**Task details**
Return the data exactly, apart from leaving out the pictures.

**Data in this exercise**
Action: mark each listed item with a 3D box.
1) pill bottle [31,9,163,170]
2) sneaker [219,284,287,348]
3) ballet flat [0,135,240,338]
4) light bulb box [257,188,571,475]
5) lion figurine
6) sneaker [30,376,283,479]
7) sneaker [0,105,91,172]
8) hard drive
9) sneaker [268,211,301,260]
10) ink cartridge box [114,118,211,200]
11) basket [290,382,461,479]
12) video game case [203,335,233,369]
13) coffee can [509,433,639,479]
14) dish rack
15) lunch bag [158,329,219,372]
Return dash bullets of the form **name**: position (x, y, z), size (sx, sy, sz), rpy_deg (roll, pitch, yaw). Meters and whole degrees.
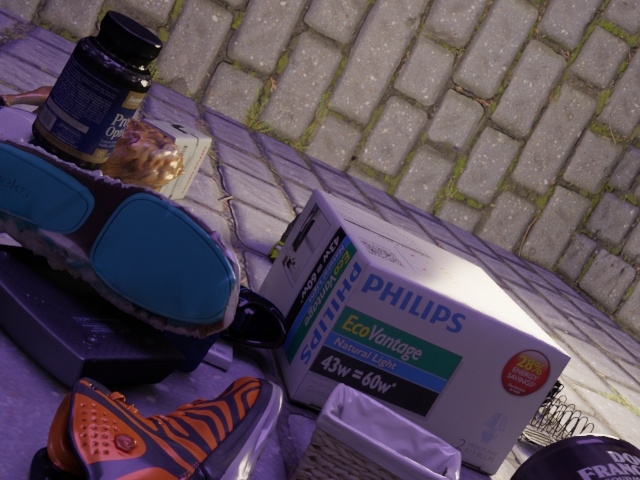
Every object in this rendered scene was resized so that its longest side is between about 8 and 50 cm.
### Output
- **pill bottle**: position (-0.330, -0.226, 1.283), size (0.122, 0.219, 0.123), rpy_deg (32, 17, -11)
- **sneaker**: position (-0.146, 0.082, 1.184), size (0.232, 0.081, 0.090), rpy_deg (25, 4, -19)
- **ballet flat**: position (-0.256, -0.006, 1.042), size (0.408, 0.147, 0.147), rpy_deg (29, 12, 16)
- **light bulb box**: position (0.123, 0.130, 1.332), size (0.357, 0.225, 0.361), rpy_deg (25, 13, -19)
- **lion figurine**: position (-0.449, -0.208, 1.575), size (0.392, 0.142, 0.240), rpy_deg (39, 38, 18)
- **sneaker**: position (-0.145, 0.175, 0.789), size (0.180, 0.125, 0.321), rpy_deg (29, 12, 0)
- **sneaker**: position (-0.468, -0.115, 1.282), size (0.315, 0.128, 0.182), rpy_deg (35, 11, 23)
- **hard drive**: position (-0.295, 0.086, 0.998), size (0.254, 0.054, 0.172), rpy_deg (34, 13, 32)
- **sneaker**: position (0.000, 0.000, 1.851), size (0.111, 0.121, 0.300), rpy_deg (32, 12, 15)
- **ink cartridge box**: position (-0.321, -0.162, 1.747), size (0.086, 0.153, 0.208), rpy_deg (31, 11, 8)
- **basket**: position (0.061, 0.256, 0.963), size (0.167, 0.103, 0.113), rpy_deg (28, 12, 6)
- **video game case**: position (-0.194, 0.116, 1.186), size (0.157, 0.019, 0.143), rpy_deg (25, 12, -11)
- **coffee can**: position (0.322, 0.357, 0.879), size (0.201, 0.202, 0.275), rpy_deg (25, 13, -15)
- **dish rack**: position (0.400, 0.309, 1.566), size (0.208, 0.074, 0.271), rpy_deg (22, 13, -21)
- **lunch bag**: position (-0.172, 0.113, 1.070), size (0.067, 0.098, 0.065), rpy_deg (24, 30, -26)

**Response to this exercise**
Action: mark each listed item with a 3D box.
1) pill bottle [31,9,163,170]
2) sneaker [219,284,287,348]
3) ballet flat [0,135,240,338]
4) light bulb box [257,188,571,475]
5) lion figurine
6) sneaker [30,376,283,479]
7) sneaker [0,105,91,172]
8) hard drive
9) sneaker [268,211,301,260]
10) ink cartridge box [114,118,211,200]
11) basket [290,382,461,479]
12) video game case [203,335,233,369]
13) coffee can [509,433,639,479]
14) dish rack
15) lunch bag [158,329,219,372]
Return dash bullets of the form **name**: position (x, y, z), size (sx, sy, sz), rpy_deg (roll, pitch, yaw). Meters and whole degrees.
Every object in this rendered scene was resized so that its longest side is between about 8 and 50 cm.
### Output
- **pill bottle**: position (-0.330, -0.226, 1.283), size (0.122, 0.219, 0.123), rpy_deg (32, 17, -11)
- **sneaker**: position (-0.146, 0.082, 1.184), size (0.232, 0.081, 0.090), rpy_deg (25, 4, -19)
- **ballet flat**: position (-0.256, -0.006, 1.042), size (0.408, 0.147, 0.147), rpy_deg (29, 12, 16)
- **light bulb box**: position (0.123, 0.130, 1.332), size (0.357, 0.225, 0.361), rpy_deg (25, 13, -19)
- **lion figurine**: position (-0.449, -0.208, 1.575), size (0.392, 0.142, 0.240), rpy_deg (39, 38, 18)
- **sneaker**: position (-0.145, 0.175, 0.789), size (0.180, 0.125, 0.321), rpy_deg (29, 12, 0)
- **sneaker**: position (-0.468, -0.115, 1.282), size (0.315, 0.128, 0.182), rpy_deg (35, 11, 23)
- **hard drive**: position (-0.295, 0.086, 0.998), size (0.254, 0.054, 0.172), rpy_deg (34, 13, 32)
- **sneaker**: position (0.000, 0.000, 1.851), size (0.111, 0.121, 0.300), rpy_deg (32, 12, 15)
- **ink cartridge box**: position (-0.321, -0.162, 1.747), size (0.086, 0.153, 0.208), rpy_deg (31, 11, 8)
- **basket**: position (0.061, 0.256, 0.963), size (0.167, 0.103, 0.113), rpy_deg (28, 12, 6)
- **video game case**: position (-0.194, 0.116, 1.186), size (0.157, 0.019, 0.143), rpy_deg (25, 12, -11)
- **coffee can**: position (0.322, 0.357, 0.879), size (0.201, 0.202, 0.275), rpy_deg (25, 13, -15)
- **dish rack**: position (0.400, 0.309, 1.566), size (0.208, 0.074, 0.271), rpy_deg (22, 13, -21)
- **lunch bag**: position (-0.172, 0.113, 1.070), size (0.067, 0.098, 0.065), rpy_deg (24, 30, -26)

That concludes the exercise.